■ EXERCISE AIM
Every line below between the line holding "15. rack shelf [332,328,1919,592]" and the line holding "25. cardboard box [1456,237,1508,274]", inclusive, should be repeated exactly, and all other lines omitted.

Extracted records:
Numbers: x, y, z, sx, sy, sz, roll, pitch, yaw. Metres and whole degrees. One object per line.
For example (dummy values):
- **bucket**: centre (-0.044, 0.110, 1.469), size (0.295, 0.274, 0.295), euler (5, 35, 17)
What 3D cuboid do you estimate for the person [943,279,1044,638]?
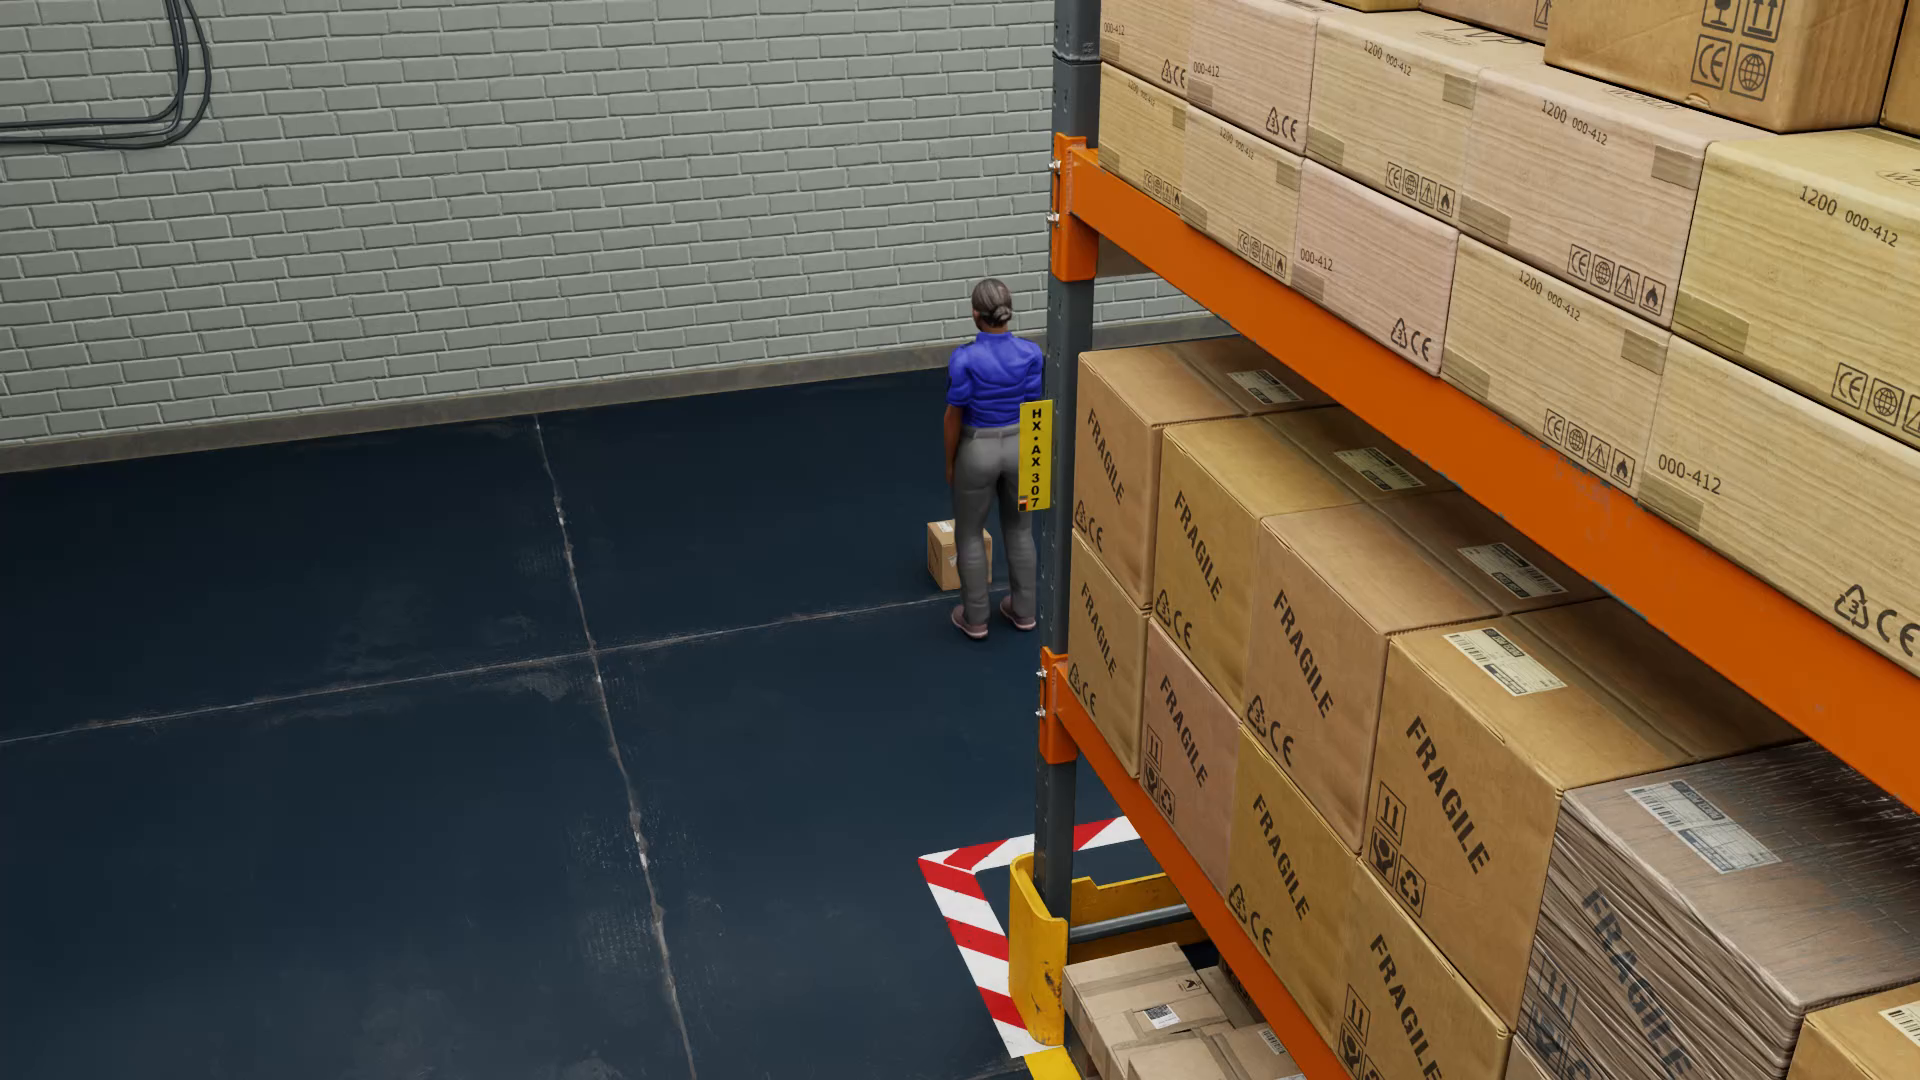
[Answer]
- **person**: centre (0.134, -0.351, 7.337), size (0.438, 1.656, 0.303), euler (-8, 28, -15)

---

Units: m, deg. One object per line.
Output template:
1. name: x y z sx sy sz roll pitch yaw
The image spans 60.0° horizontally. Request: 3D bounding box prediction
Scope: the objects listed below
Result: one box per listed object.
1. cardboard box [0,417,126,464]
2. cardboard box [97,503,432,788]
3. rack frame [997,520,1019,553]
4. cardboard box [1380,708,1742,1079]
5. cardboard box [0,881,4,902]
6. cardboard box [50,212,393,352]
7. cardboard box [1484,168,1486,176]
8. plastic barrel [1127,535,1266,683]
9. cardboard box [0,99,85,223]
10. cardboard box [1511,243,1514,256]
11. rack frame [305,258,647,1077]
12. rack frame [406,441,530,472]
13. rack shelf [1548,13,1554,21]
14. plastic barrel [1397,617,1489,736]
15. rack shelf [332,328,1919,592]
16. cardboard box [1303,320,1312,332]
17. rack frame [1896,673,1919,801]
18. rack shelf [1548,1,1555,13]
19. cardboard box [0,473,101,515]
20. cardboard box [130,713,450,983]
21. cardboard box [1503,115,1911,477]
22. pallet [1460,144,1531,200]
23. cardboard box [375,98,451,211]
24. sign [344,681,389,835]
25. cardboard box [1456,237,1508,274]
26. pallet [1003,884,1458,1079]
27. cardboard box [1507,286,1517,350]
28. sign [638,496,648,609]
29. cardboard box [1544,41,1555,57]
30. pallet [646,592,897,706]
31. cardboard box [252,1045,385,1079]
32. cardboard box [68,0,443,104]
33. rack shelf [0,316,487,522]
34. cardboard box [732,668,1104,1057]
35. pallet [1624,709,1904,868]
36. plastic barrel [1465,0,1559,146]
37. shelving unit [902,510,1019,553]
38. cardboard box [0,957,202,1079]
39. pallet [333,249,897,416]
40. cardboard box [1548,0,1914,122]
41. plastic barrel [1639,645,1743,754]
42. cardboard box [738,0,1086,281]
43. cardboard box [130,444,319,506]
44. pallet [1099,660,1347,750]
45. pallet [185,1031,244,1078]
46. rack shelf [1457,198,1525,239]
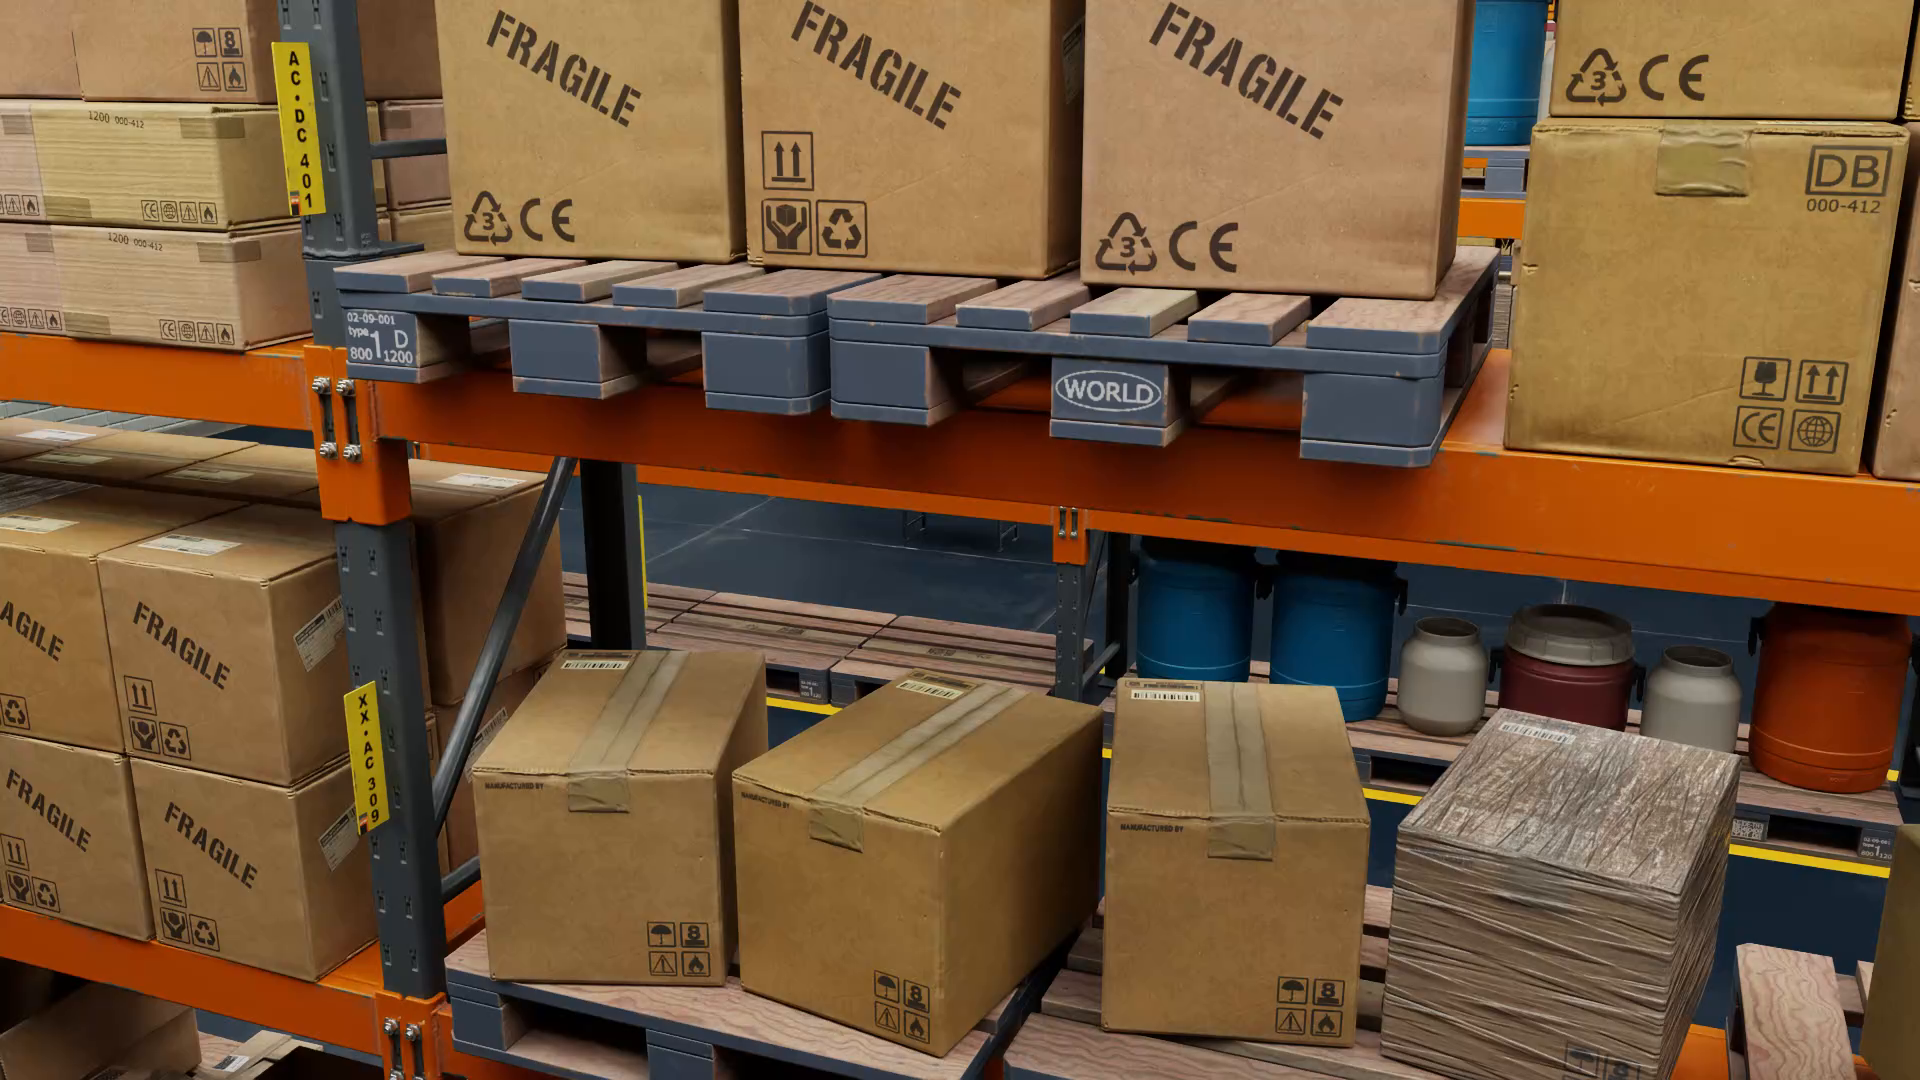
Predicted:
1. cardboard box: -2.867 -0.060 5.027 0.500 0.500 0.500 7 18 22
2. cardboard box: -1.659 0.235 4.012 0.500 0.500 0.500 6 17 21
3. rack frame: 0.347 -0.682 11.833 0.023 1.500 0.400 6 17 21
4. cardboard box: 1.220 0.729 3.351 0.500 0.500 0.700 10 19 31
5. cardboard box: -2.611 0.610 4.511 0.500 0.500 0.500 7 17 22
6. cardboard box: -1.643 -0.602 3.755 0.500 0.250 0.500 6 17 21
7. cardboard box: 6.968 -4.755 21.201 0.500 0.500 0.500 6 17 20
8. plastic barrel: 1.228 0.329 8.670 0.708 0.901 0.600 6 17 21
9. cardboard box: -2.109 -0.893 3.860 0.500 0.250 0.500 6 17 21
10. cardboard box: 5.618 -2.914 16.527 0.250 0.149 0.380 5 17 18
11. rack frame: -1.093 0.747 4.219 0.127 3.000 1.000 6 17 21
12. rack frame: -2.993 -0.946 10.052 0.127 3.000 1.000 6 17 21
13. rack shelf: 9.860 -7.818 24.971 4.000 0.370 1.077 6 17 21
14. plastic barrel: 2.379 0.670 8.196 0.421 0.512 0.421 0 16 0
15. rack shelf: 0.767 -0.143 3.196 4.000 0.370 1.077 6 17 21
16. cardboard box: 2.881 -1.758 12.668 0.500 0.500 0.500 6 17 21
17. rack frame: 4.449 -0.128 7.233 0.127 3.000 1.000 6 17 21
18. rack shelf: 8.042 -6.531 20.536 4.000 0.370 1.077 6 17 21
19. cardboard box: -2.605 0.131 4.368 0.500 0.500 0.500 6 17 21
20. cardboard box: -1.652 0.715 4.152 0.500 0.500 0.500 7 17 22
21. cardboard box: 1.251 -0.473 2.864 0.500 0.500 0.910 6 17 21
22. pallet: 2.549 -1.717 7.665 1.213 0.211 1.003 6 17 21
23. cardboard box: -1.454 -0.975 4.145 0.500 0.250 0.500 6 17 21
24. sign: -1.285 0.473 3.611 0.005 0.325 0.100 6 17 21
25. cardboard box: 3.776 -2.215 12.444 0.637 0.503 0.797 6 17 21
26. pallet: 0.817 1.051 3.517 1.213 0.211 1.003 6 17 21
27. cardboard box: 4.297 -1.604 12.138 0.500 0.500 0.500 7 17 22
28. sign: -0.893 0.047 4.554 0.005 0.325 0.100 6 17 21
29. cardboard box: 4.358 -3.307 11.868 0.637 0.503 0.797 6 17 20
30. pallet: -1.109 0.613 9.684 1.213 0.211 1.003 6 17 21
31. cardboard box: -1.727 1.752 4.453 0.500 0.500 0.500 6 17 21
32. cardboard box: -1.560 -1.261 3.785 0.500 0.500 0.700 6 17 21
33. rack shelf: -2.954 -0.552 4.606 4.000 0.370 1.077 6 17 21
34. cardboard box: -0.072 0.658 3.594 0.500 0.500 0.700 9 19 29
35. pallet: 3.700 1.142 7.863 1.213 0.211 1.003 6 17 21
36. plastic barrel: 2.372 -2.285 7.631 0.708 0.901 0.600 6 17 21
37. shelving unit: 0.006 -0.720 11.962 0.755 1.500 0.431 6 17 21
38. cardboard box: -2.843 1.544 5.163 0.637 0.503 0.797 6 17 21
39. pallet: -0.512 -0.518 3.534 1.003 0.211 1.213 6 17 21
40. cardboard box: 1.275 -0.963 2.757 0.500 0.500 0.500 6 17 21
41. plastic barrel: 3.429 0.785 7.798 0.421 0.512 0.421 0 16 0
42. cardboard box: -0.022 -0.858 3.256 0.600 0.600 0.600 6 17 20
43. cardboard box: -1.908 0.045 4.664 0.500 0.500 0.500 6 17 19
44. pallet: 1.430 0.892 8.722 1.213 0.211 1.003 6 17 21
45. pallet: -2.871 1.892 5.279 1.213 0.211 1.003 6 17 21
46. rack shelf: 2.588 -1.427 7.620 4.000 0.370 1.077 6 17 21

* * *

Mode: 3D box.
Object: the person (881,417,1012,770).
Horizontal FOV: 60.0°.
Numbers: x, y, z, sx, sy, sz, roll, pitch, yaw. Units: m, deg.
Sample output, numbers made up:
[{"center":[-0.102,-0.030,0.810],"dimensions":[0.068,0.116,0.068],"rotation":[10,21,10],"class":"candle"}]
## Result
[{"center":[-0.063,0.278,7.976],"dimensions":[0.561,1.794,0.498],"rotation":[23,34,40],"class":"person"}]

■ ANSWER BOX
15. rack shelf [332,328,1919,592]
16. cardboard box [1303,320,1312,332]
17. rack frame [1896,673,1919,801]
18. rack shelf [1548,1,1555,13]
19. cardboard box [0,473,101,515]
20. cardboard box [130,713,450,983]
21. cardboard box [1503,115,1911,477]
22. pallet [1460,144,1531,200]
23. cardboard box [375,98,451,211]
24. sign [344,681,389,835]
25. cardboard box [1456,237,1508,274]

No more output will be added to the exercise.